リモートワーク環境も整備されていくため、遠隔地に居住する人材を雇用したり、週3日だけ働きたい優秀な人材を活用するといったことがスムーズにできるようになっていきます。
今後は様々な雇用形態やワークスタイルを、活用目的に応じて組み合わせていく時代です。
いい人材であれば、自社の制度にはめるより、相手の望む働き方に近づけていく。
そういう考え方で自社の雇用を見直していきましょう。
コミュニケーションと情報の透明性向上
業務効率の悪さ、無駄な仕事、連携の悪さなどは、大抵お互いのコミュニケーション不足や情報不足に起因しています。

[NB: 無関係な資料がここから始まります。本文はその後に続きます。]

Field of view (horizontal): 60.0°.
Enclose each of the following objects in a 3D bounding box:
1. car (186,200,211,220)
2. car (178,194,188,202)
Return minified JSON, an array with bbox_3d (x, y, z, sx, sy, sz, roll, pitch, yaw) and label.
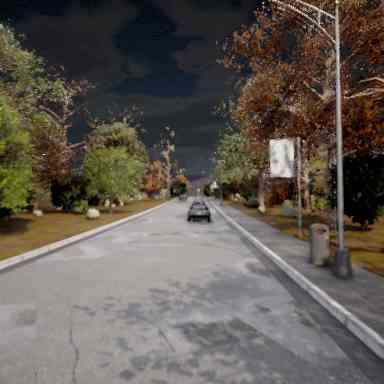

あなたの会社では、「そんな話、聞いてないよ!」、「何でこんな仕事する必要あるの?」、「これってうちの部署の仕事?」、「上が現場分かってないんだよね・・・」といった発言はありませんか?
まさにコミュニケーションや情報伝達の問題です。
皆が気持ちよく効率よく働くために、さらに会社が社員から信頼されるためには、ぜひここを改善していく必要があります。
リモート環境ではお互いのコミュニケーションが疎かになりがちなので、一層重要です。
- 経営方針や施策の伝達(背景も含めて)
- 会社の動きや進捗の情報共有
- 仕事の連携に関わる擦り合わせの場づくり
- オフサイトコミュニケーションの場づくり
ぜひこれらを進めていきましょう。
できるだけ社内情報格差をなくして透明性を高め、上から下へ、下から上へ、横同士でスムーズに情報が流れる組織が理想的です。
まとめ
コロナ禍で一段落した働き方改革ですが、本来目指すべきゴールに対して、まだ道半ばです。
コロナの外圧で進んで変化に乗じて、さらに踏み込んで働き方改革セカンドステージを進めていきましょう。